# Work request
Pictures appear among the records. Write out all else exactly as it stands.

# Supplied entries

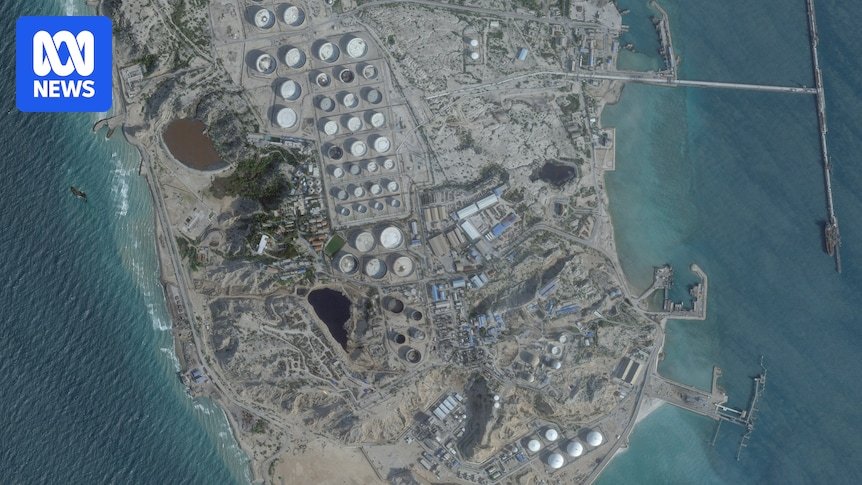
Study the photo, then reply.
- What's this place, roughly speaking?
port
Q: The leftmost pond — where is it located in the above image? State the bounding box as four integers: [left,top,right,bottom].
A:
[163,118,222,171]
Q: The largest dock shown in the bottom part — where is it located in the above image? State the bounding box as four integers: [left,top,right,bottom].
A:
[644,367,727,420]
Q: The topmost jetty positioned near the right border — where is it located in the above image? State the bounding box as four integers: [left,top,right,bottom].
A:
[806,0,840,273]
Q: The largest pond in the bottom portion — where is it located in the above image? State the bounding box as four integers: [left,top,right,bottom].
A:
[308,287,352,350]
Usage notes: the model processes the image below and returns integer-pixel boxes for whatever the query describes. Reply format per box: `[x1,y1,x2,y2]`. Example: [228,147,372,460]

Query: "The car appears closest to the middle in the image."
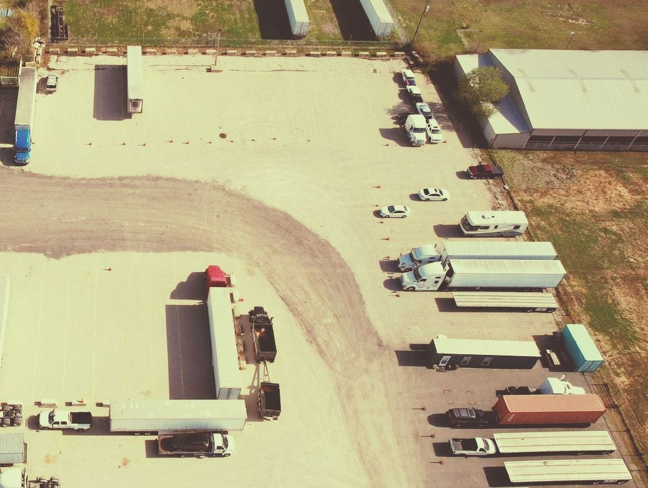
[377,205,411,220]
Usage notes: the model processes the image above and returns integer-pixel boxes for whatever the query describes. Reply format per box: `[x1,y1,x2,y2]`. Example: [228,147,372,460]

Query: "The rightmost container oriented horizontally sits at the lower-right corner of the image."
[493,393,606,426]
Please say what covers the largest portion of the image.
paved ground
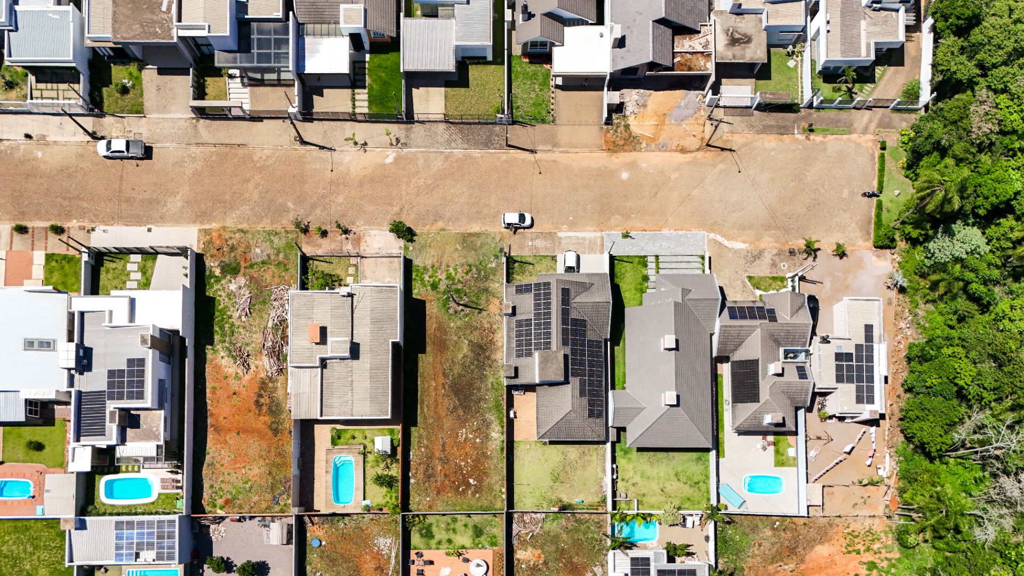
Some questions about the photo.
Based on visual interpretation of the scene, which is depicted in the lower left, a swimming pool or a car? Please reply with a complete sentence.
It is a swimming pool that can be seen in the lower left.
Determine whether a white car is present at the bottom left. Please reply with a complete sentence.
No, the scene shows no white car at the bottom left.
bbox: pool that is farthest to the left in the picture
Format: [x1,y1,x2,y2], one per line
[0,478,34,500]
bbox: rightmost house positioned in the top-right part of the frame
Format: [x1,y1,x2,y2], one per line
[807,0,915,79]
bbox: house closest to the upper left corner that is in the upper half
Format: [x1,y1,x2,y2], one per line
[0,0,91,78]
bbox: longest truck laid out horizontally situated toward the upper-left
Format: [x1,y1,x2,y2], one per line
[96,136,143,158]
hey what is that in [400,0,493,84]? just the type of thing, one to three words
house
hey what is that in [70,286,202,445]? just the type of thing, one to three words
house
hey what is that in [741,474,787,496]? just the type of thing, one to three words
swimming pool
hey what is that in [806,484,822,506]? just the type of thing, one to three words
shed
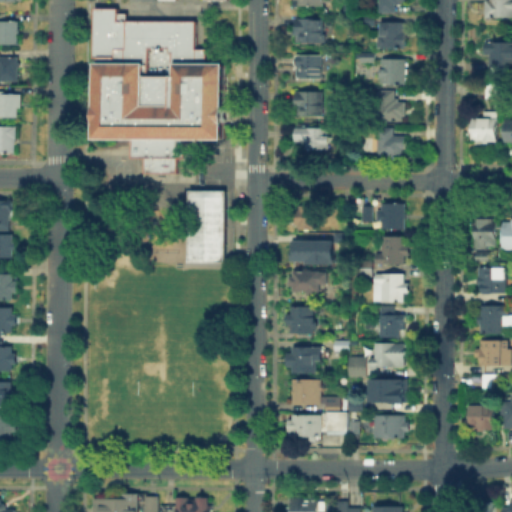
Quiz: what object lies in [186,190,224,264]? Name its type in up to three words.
building
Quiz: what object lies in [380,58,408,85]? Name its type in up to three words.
house
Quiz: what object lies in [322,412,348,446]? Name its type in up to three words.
building
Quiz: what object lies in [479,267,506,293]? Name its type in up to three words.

# Result
Study the photo, then reply.
- What's this place, roughly speaking?
port
Q: The leftmost pond — where is it located in the above image? State the bounding box as four integers: [left,top,right,bottom].
A:
[163,118,222,171]
Q: The largest dock shown in the bottom part — where is it located in the above image? State the bounding box as four integers: [left,top,right,bottom].
A:
[644,367,727,420]
Q: The topmost jetty positioned near the right border — where is it located in the above image? State the bounding box as four integers: [left,top,right,bottom].
A:
[806,0,840,273]
Q: The largest pond in the bottom portion — where is it located in the above image? State the bounding box as four integers: [left,top,right,bottom].
A:
[308,287,352,350]
Usage notes: the model processes the image below and returns integer-pixel boxes for whatever the query describes. Reply format per box: `[x1,y1,x2,y2]`. Example: [228,147,372,460]

Query: "The car appears closest to the middle in the image."
[377,205,411,220]
Usage notes: the model processes the image above and returns integer-pixel boxes for whatever the query describes. Reply format per box: `[x1,y1,x2,y2]`. Example: [228,147,372,460]

Query: "The rightmost container oriented horizontally sits at the lower-right corner of the image."
[493,393,606,426]
Please say what covers the largest portion of the image.
paved ground
Some questions about the photo.
Based on visual interpretation of the scene, which is depicted in the lower left, a swimming pool or a car? Please reply with a complete sentence.
It is a swimming pool that can be seen in the lower left.
Determine whether a white car is present at the bottom left. Please reply with a complete sentence.
No, the scene shows no white car at the bottom left.
bbox: pool that is farthest to the left in the picture
Format: [x1,y1,x2,y2], one per line
[0,478,34,500]
bbox: rightmost house positioned in the top-right part of the frame
Format: [x1,y1,x2,y2], one per line
[807,0,915,79]
bbox: house closest to the upper left corner that is in the upper half
Format: [x1,y1,x2,y2], one per line
[0,0,91,78]
bbox: longest truck laid out horizontally situated toward the upper-left
Format: [x1,y1,x2,y2], one per line
[96,136,143,158]
hey what is that in [400,0,493,84]? just the type of thing, one to three words
house
hey what is that in [70,286,202,445]? just the type of thing, one to three words
house
hey what is that in [741,474,787,496]? just the type of thing, one to three words
swimming pool
hey what is that in [806,484,822,506]? just the type of thing, one to three words
shed
Quiz: what object lies in [186,190,224,264]? Name its type in up to three words.
building
Quiz: what object lies in [380,58,408,85]? Name its type in up to three words.
house
Quiz: what object lies in [322,412,348,446]? Name its type in up to three words.
building
Quiz: what object lies in [479,267,506,293]? Name its type in up to three words.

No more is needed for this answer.